China Has a Secret Empire in Eastern Europe and South America...And No One Talks About It - Jack Chapple



This is some farmland in Ukraine. A nation known as the breadbasket of Europe. 10% of the global wheat market, 15% of the global corn market, and 50% of the world’s sunflower oil comes from fields just like this, all over the country. However, a significant portion of these fields are not owned by Ukraine. They are actually owned by China. One prominent example was as to why, is In 2013, Xinjiang Production and Construction Corps, a Chinese state-owned company, struck a deal to lease 7 and a half million acres of Ukrainian farmland—nearly 9% of all land in Ukraine

Think about that, one Chinese company, owning almost a tenth of the land of another country. essentially becoming the largest landowner and food producer of Ukraine. And this is not just an isolated incident. This is has been happening all over the world for decades. And eventually as I started mapping all of this out, it became apparent, that China has a secret empire, that no one really talks about…

Once upon a time, in a world not yet dominated by smartphones, social media, and 24/7 surveillance, China was busy figuring out how to feed more than a billion mouths. The country was already a global economic powerhouse-in-waiting, but there was a nagging issue: the land situation back home wasn’t exactly what you'd call abundant. With 9% of the world’s arable land and 20% of its population, China was in a bit of a food pickle. The vast landscapes of rolling rice paddies and serene farmland couldn't keep up with an exploding population and a growing middle class with new culinary demands. As the decades passed and China continued to industrialize, urbanize, and devour its own resources, the leadership in Beijing had a eureka moment: Why not just buy the world’s farmland? Problem solved!

Let’s rewind a little to understand how we got here.

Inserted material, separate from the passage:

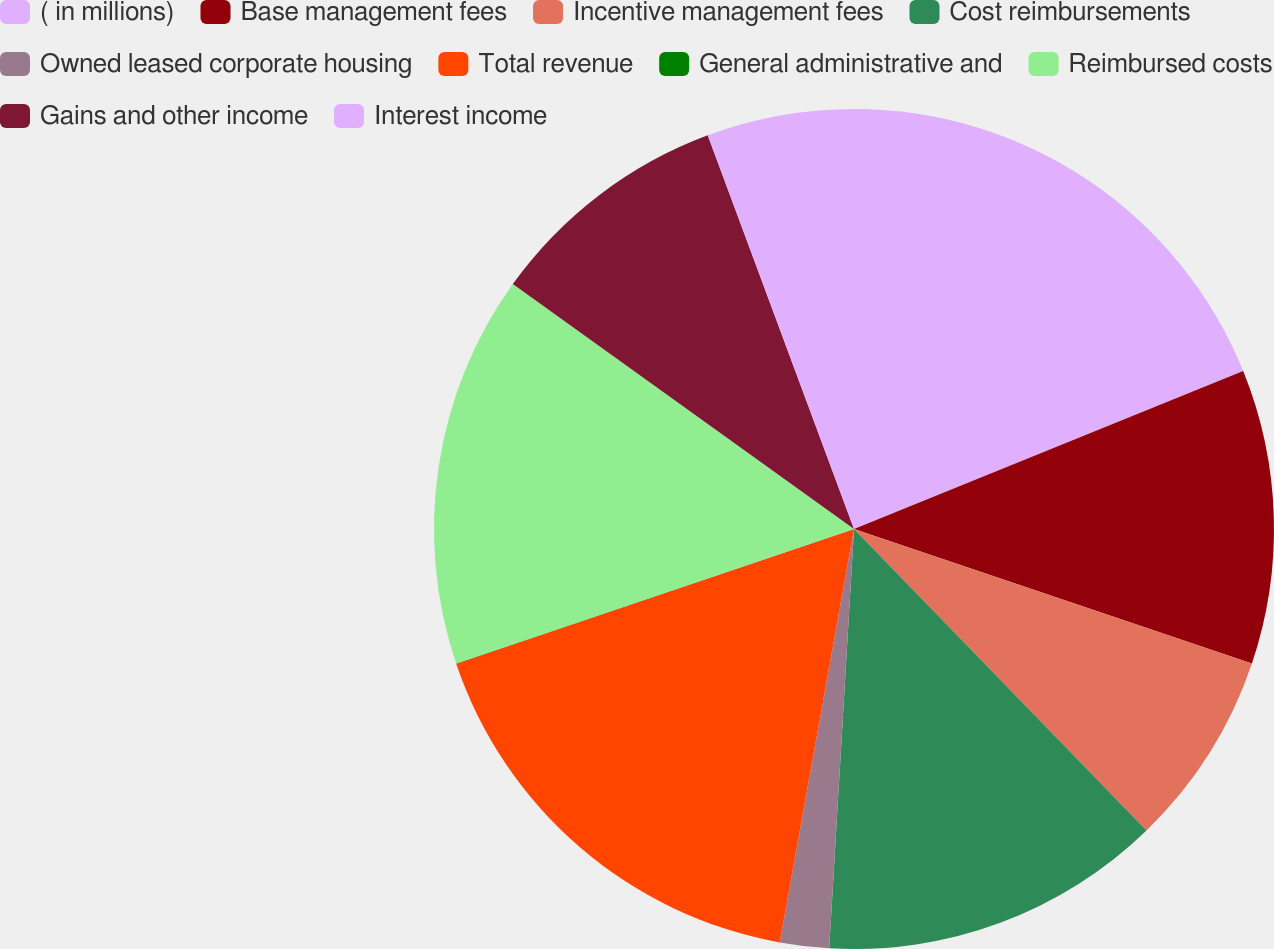Convert chart. <chart><loc_0><loc_0><loc_500><loc_500><pie_chart><fcel>( in millions)<fcel>Base management fees<fcel>Incentive management fees<fcel>Cost reimbursements<fcel>Owned leased corporate housing<fcel>Total revenue<fcel>General administrative and<fcel>Reimbursed costs<fcel>Gains and other income<fcel>Interest income<nl><fcel>18.86%<fcel>11.32%<fcel>7.55%<fcel>13.2%<fcel>1.89%<fcel>16.97%<fcel>0.01%<fcel>15.09%<fcel>9.43%<fcel>5.66%<nl></chart>

In the mid-20th century, China’s land and agricultural strategy was a very domestic affair. After all, the country was dealing with its own tumultuous history of famine and industrialization (thanks, Great Leap Forward). By the 1980s, things started to look better, with the country adopting a series of economic reforms that finally started to fill its grain silos. But even as the country’s agricultural output grew, the alarm bells started ringing in Beijing: Chinese soil, long exploited and degraded, was becoming less productive. Desertification was creeping in. Rivers were running dry. Add to this the rapid urbanization that was gobbling up arable land faster than you can say "ghost city," and the picture was becoming clear—China needed a Plan B.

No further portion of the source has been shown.